Marco Aurelio nos ofrece una ruta interesante, ponderando la virtud y el deber personal y social: “¿Te distraen los acontecimientos exteriores? Ofrécete reposo para aprender algo bueno y dejar de dar tumbos. Pero entonces también hay que guardarse de otro extravío: en efecto, cometen también tonterías los que por culpa de sus actos están cansados de vivir y no tienen objetivo al que dirigir de una vez por todas todo impulso y representación. No es fácil que se pueda ver que alguien es infeliz por no fijarse en lo que sucede en el alma de otro, pero es forzoso que sean infelices quienes no siguen de cerca los movimientos de su propia alma. Hay que recordar siempre lo siguiente: ¿cuál es la naturaleza del todo y cuál es la mía, qué relación tiene esta mía con aquélla y qué parte es de qué todo, y que nadie te impide realizar las acciones y decir las palabras concordantes con la naturaleza de la que formas parte?”.

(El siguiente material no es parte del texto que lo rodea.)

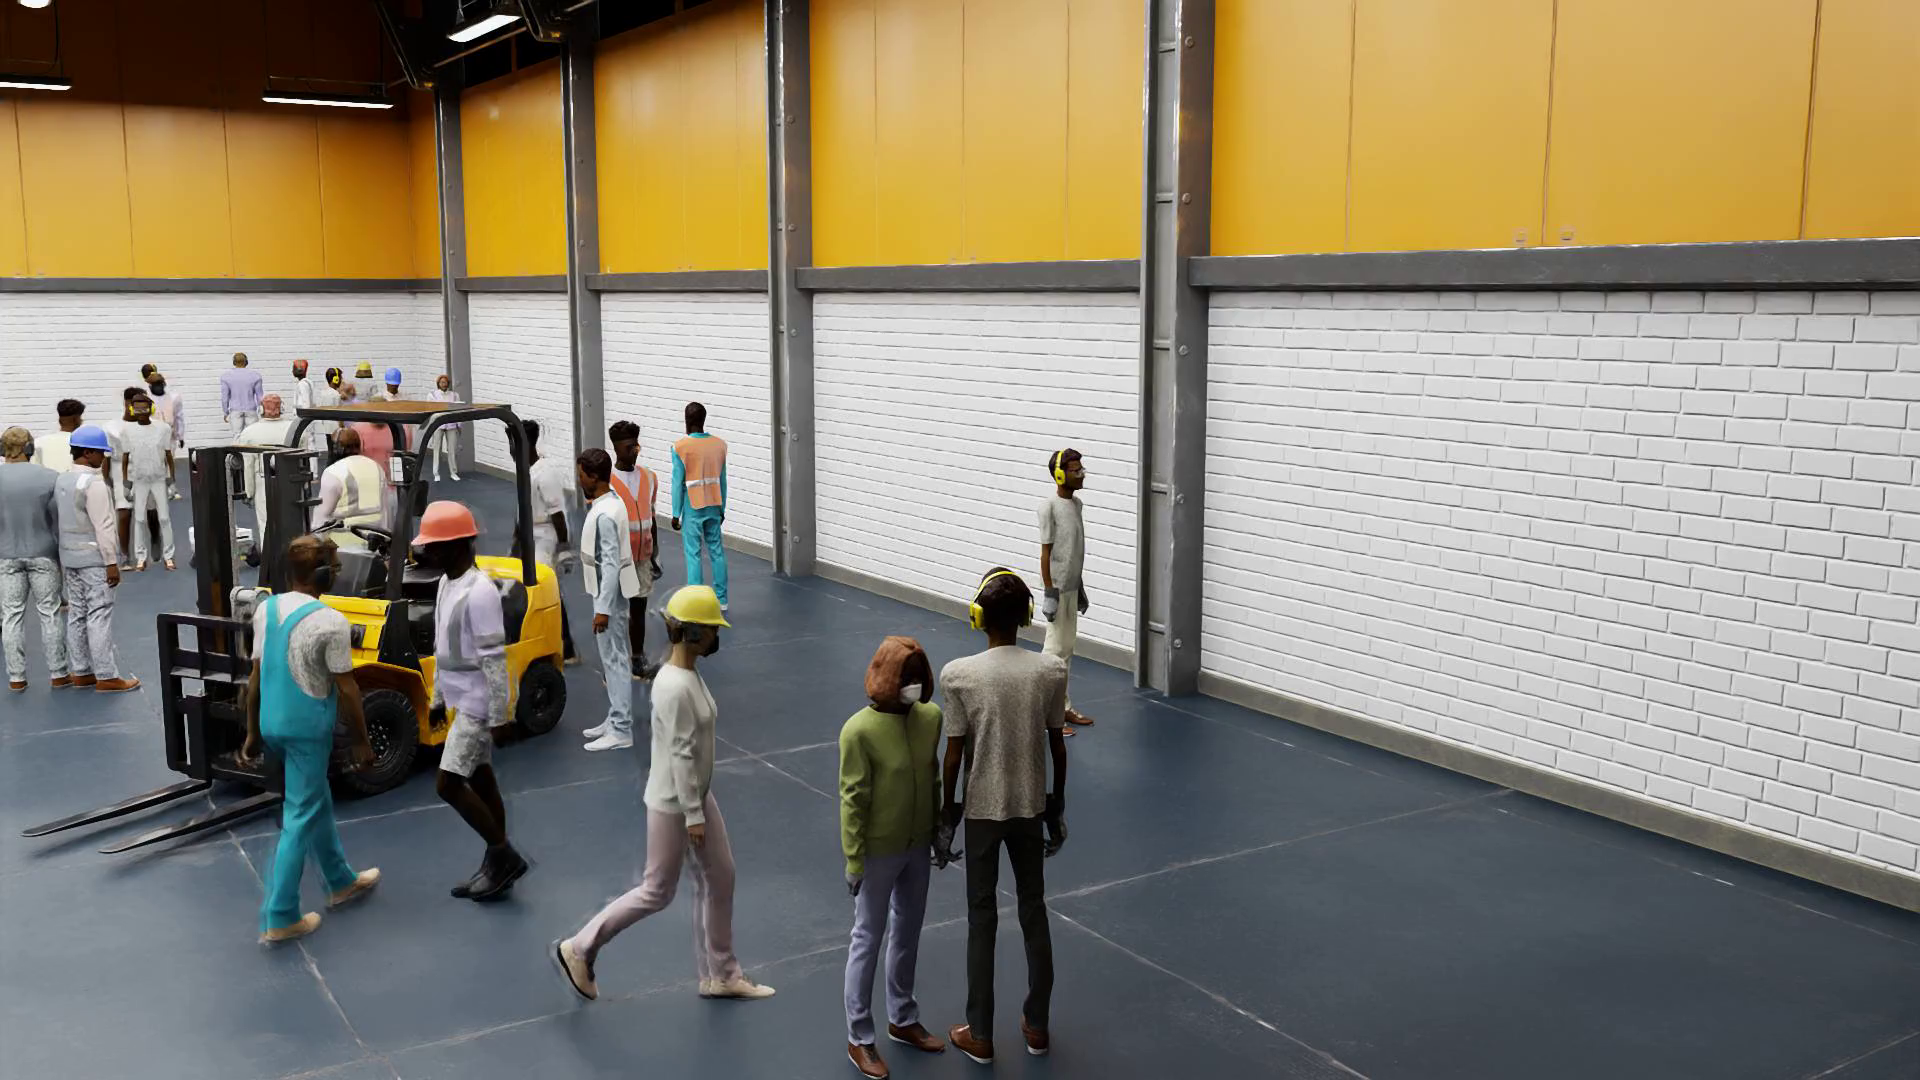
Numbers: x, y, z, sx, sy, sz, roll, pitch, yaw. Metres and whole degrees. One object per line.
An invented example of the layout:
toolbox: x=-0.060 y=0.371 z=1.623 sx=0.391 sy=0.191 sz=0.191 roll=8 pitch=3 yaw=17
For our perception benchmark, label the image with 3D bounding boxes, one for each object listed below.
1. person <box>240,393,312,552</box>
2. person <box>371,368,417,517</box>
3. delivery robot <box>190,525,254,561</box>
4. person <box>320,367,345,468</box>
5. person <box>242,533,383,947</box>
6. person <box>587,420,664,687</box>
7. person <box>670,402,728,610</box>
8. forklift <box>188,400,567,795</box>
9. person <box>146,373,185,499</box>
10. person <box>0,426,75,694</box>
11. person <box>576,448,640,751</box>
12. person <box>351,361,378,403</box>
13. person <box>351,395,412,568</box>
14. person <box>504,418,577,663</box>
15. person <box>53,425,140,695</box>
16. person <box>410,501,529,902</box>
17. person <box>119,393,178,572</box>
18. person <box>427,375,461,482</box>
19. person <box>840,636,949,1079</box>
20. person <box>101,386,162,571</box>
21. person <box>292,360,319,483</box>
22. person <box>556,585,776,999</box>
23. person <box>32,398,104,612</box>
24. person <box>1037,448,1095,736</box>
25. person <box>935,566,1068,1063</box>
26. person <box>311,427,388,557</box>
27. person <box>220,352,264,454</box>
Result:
person: x=-6.738 y=-0.497 z=16.422 sx=0.639 sy=1.903 sz=0.409 roll=-4 pitch=10 yaw=-28
person: x=-7.231 y=-1.233 z=21.260 sx=0.604 sy=1.937 sz=0.402 roll=-6 pitch=10 yaw=-36
delivery robot: x=-7.741 y=-0.022 z=17.423 sx=0.707 sy=0.478 sz=0.477 roll=6 pitch=10 yaw=33
person: x=-8.596 y=-1.444 z=22.936 sx=0.508 sy=1.864 sz=0.329 roll=7 pitch=11 yaw=40
person: x=-2.878 y=0.864 z=7.541 sx=0.534 sy=1.812 sz=0.827 roll=5 pitch=10 yaw=29
person: x=-2.434 y=0.103 z=12.156 sx=0.367 sy=1.967 sz=0.607 roll=8 pitch=11 yaw=41
person: x=-2.332 y=-0.285 z=14.994 sx=0.390 sy=1.909 sz=0.585 roll=8 pitch=12 yaw=43
forklift: x=-3.529 y=0.258 z=10.348 sx=1.214 sy=2.155 sz=2.313 roll=4 pitch=9 yaw=25
person: x=-11.053 y=-1.406 z=22.980 sx=0.634 sy=1.796 sz=0.693 roll=-7 pitch=11 yaw=-41
person: x=-6.729 y=0.146 z=11.989 sx=0.627 sy=1.933 sz=0.371 roll=-3 pitch=9 yaw=-18
person: x=-2.225 y=0.370 z=10.538 sx=0.391 sy=1.914 sz=0.587 roll=-2 pitch=9 yaw=-10
person: x=-9.979 y=-2.127 z=27.941 sx=0.492 sy=1.740 sz=0.325 roll=1 pitch=8 yaw=4
person: x=-5.797 y=-0.519 z=16.685 sx=0.638 sy=1.879 sz=1.064 roll=-4 pitch=9 yaw=-25
person: x=-3.234 y=0.042 z=12.673 sx=0.687 sy=1.934 sz=0.686 roll=-5 pitch=10 yaw=-30
person: x=-6.247 y=0.145 z=11.972 sx=0.602 sy=1.938 sz=0.401 roll=6 pitch=10 yaw=34
person: x=-2.324 y=0.764 z=7.842 sx=0.440 sy=1.918 sz=0.563 roll=-4 pitch=10 yaw=-28
person: x=-8.389 y=-0.590 z=17.216 sx=0.512 sy=1.861 sz=0.355 roll=-3 pitch=9 yaw=-22
person: x=-7.907 y=-1.715 z=25.508 sx=0.513 sy=1.641 sz=0.307 roll=-5 pitch=10 yaw=-32
person: x=-0.237 y=1.155 z=6.187 sx=0.270 sy=1.631 sz=0.507 roll=8 pitch=12 yaw=43
person: x=-8.693 y=-0.654 z=17.458 sx=0.644 sy=1.924 sz=0.680 roll=-6 pitch=11 yaw=-36
person: x=-9.921 y=-1.792 z=25.216 sx=0.356 sy=1.881 sz=0.575 roll=-2 pitch=9 yaw=-16
person: x=-1.200 y=1.033 z=6.696 sx=0.818 sy=1.726 sz=0.520 roll=1 pitch=8 yaw=4
person: x=-8.010 y=-0.308 z=15.008 sx=0.635 sy=1.943 sz=0.458 roll=0 pitch=8 yaw=0
person: x=0.695 y=0.331 z=10.930 sx=0.326 sy=1.876 sz=0.518 roll=5 pitch=10 yaw=29
person: x=0.157 y=1.025 z=6.251 sx=0.514 sy=1.876 sz=0.328 roll=-3 pitch=9 yaw=-17
person: x=-5.006 y=-0.001 z=13.402 sx=0.865 sy=1.811 sz=0.629 roll=3 pitch=9 yaw=18
person: x=-11.569 y=-2.063 z=26.858 sx=0.635 sy=1.936 sz=0.351 roll=-4 pitch=9 yaw=-23

En tiempos difíciles, cuando la desventura invade al corazón individual y al de la Patria, estas palabras antiguas, adquieren asombrosa vigencia: “Entonces la inteligencia, libre de pasiones, es una ciudadela. Nadie puede retirarse a otro lugar más inalcanzable y seguro. Quien no se ha dado cuenta es un ignorante, pero quien lo sabe y no se refugia es un desgraciado”.
Y finalmente estos consejos, válidos para príncipes y pueblo llano. Normas de vida saludables que nos mantendrán serenos, equilibrados, mientras afuera continúen aullando los actuales lobos vestidos de ovejas, aquellos que creen vanamente que no pasarán.
Pongamos oídos atentos: “Sé vigilante, no te cesarices, no te empapes en púrpura, cosa que ocurre. Mantente, por tanto, sencillo, bueno, puro, digno, sin pompa, amigo de lo justo, piadoso, bien intencionado, afectivo, fuerte para ejecutar lo conveniente. Lucha para permanecer, así como te quiso hacer la filosofía. Respeta a los dioses, salva a los hombres. La vida es corta, el único fruto de la existencia sobre la tierra es una disposición virtuosa y unas acciones comunitarias. En todo como discípulo de Antonino: su vigor a favor de acciones realizadas de acuerdo con la razón, su equilibrio en todo, su virtud, la calma de su rostro, su dulzura, su ausencia de vanagloria, su empeño para captar los asuntos. Cómo no rechazaba nada en absoluto sin considerarlo antes mucho y reflexionarlo con seguridad. Cómo soportaba a los que lo criticaban injustamente sin criticarlos a su vez. Cómo no se apresuraba para nada, cómo no aceptaba las calumnias. Cómo era un examinador riguroso de los comportamientos y de las acciones, pero ni crítico, ni asustadizo ante rumores, ni sospechoso, ni enrevesado. Cómo se conformaba con poco, así en la vivienda, en el lecho, en el vestir, en el alimento, en su servidumbre. Cómo era sufrido y perseverante. Capaz de permanecer quieto hasta la tarde gracias a su dieta frugal, sin necesidad de evacuar fuera de la hora acostumbrada. Su firmeza y uniformidad con sus amistades. Soportar a los que se expresaban con libertad contra sus opiniones y agradecérselo si alguno mostraba una mejor. Cómo era piadoso con los dioses sin temores supersticiosos. Que la última hora te llegue con igual de buena conciencia que a él”.